Method 15 · psm
PSM 倾向得分匹配
把处理组、对照组和政策时点落到代码里
PSM 倾向得分匹配 的 Markdown 风格教程:基于共用 CSMAR 风格案例生成实际代码、结果表和案例图。
一、PSM 倾向得分匹配是什么?
这页是 PSM 倾向得分匹配 的方法文档。所有表格和图都由 marketing/method_case_assets/generate_assets.py 从同一份 csmar_innovation_realistic.csv 生成,避免用占位图充当教程。重点是把 treat、post、event time 等变量构造写清楚,再解释处理效应表。
二、先看这个案例的结论
- 本案例匹配方法是 nn1,状态为 ok;处理变量按 dfi_index 的 median_high_exposure 构造。
- 匹配后的 ATT 是 0.7725,标准误是 0.1270;这比只说“做了 PSM”更有信息量。
- PSM 页要同时看处理效应和协变量平衡。
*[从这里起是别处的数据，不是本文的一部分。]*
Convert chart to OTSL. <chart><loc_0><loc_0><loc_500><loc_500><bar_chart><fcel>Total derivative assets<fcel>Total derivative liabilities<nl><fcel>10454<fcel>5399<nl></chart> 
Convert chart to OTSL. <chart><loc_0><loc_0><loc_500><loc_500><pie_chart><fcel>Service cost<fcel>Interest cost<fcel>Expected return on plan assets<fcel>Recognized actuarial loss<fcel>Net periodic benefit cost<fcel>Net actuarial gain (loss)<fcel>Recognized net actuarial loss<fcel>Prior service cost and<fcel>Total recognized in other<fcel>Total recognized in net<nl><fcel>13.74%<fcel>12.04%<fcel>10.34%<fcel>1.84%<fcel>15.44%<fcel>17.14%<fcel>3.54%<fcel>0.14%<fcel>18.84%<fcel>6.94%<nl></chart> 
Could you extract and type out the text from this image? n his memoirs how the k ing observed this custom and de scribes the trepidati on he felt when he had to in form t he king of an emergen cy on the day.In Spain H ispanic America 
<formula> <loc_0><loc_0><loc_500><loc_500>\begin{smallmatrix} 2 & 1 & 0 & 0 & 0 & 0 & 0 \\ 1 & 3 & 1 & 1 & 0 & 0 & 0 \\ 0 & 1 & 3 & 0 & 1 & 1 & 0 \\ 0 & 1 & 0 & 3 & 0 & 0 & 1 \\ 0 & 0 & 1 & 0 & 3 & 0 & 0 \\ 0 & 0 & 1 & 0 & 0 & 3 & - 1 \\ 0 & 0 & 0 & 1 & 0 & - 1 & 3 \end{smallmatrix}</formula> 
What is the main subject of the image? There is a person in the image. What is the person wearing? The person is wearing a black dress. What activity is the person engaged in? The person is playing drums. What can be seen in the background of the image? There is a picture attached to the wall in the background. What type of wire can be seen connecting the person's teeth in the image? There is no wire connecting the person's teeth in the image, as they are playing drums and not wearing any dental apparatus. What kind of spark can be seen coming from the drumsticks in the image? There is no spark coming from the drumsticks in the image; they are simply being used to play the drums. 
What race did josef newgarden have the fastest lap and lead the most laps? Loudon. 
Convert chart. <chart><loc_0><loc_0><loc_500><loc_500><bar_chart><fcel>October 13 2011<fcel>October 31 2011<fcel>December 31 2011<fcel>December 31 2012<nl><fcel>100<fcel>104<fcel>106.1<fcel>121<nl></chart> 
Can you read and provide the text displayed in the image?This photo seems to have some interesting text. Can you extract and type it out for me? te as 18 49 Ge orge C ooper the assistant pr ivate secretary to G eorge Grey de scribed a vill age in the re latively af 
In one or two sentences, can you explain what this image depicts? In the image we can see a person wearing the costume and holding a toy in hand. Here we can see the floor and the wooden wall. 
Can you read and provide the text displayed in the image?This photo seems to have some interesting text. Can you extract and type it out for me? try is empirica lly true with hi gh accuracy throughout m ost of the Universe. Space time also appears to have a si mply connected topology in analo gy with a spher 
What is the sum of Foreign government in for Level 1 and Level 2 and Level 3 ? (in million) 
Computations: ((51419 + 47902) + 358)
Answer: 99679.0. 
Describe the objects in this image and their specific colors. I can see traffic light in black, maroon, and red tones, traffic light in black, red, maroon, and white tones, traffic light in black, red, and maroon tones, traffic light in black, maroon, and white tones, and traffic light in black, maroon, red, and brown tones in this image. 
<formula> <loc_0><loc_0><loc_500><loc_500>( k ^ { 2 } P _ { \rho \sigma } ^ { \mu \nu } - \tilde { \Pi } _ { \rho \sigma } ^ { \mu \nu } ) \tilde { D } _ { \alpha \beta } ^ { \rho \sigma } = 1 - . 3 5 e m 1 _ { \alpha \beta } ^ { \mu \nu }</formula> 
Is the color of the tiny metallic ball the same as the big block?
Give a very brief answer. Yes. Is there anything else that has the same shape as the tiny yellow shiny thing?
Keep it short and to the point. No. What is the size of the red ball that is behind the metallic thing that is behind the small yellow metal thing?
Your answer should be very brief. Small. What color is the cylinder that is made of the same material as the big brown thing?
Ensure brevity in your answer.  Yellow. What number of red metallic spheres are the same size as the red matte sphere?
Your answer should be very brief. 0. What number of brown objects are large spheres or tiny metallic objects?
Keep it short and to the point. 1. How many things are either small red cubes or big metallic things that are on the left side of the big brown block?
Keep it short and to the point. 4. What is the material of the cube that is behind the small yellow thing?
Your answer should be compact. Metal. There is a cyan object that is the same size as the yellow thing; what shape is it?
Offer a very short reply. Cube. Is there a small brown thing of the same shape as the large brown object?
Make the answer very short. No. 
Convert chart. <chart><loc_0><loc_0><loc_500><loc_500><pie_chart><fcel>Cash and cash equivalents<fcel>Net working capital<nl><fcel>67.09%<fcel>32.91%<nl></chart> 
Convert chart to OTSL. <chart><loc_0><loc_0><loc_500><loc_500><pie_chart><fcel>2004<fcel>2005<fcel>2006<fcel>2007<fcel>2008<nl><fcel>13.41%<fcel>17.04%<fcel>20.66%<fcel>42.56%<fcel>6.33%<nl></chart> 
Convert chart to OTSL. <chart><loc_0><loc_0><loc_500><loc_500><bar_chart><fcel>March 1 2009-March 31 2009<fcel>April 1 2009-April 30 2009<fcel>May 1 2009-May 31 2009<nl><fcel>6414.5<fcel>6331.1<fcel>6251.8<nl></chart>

页面下方补充输出里会展示 psm_balance、候选矩阵和 trim sensitivity。
三、案例口径
| 字段 | 口径 |
|---|---|
| 数据 | CSMAR 风格 A 股企业创新面板 |
| 原始样本 | 196 家上市公司,2015-2020 年,约 1200 个公司-年观测;各方法有效样本以本页输出表 N 为准 |
| 因变量 | patent_count;回归页通常使用 ln(1 + patent_count) |
| 核心解释变量 | dfi_index,数字普惠金融指数;部分真实烟测输出展示的是标准化后的 dfi_index |
| 控制变量 | roa、lev、size、growth、cashflow、tobinq、top1、dual、board、indep、soe、age |
| 输出文件 | psm_results.csv |
| 角色要求 | dv、iv |
| 依赖包 | psmatch2 |
四、实际代码
下面是本页对应的最小可复现 Stata 代码。生产环境里 empirical-wizard 会在此基础上处理变量映射、输出校验、失败诊断和报告装配。
log using "/root/workspace/empirical-wizard/workspace/dc2c4126/analysis.log", replace text
global JOB_DIR "/root/workspace/empirical-wizard/workspace/dc2c4126"
set more off
adopath + "/root/ado/plus"
global DATA_PATH "/root/workspace/empirical-wizard/workspace/test_e2e/csmar_innovation.csv"
import delimited "/root/workspace/empirical-wizard/workspace/test_e2e/csmar_innovation.csv", clear case(preserve)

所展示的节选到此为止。